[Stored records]
--- START ---

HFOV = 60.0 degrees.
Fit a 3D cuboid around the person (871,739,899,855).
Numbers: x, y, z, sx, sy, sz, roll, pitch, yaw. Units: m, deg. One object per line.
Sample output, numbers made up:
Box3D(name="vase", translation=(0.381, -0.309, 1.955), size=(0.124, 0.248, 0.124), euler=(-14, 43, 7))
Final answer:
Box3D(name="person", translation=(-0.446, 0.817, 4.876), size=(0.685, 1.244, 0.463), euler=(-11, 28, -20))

--- END ---

# What the task requires:
Beginning at the line that contains "Sample output, numbers", reproduce every line down to the last line of the entries above, exactly and only those.

# Reply:
Sample output, numbers made up:
Box3D(name="vase", translation=(0.381, -0.309, 1.955), size=(0.124, 0.248, 0.124), euler=(-14, 43, 7))
Final answer:
Box3D(name="person", translation=(-0.446, 0.817, 4.876), size=(0.685, 1.244, 0.463), euler=(-11, 28, -20))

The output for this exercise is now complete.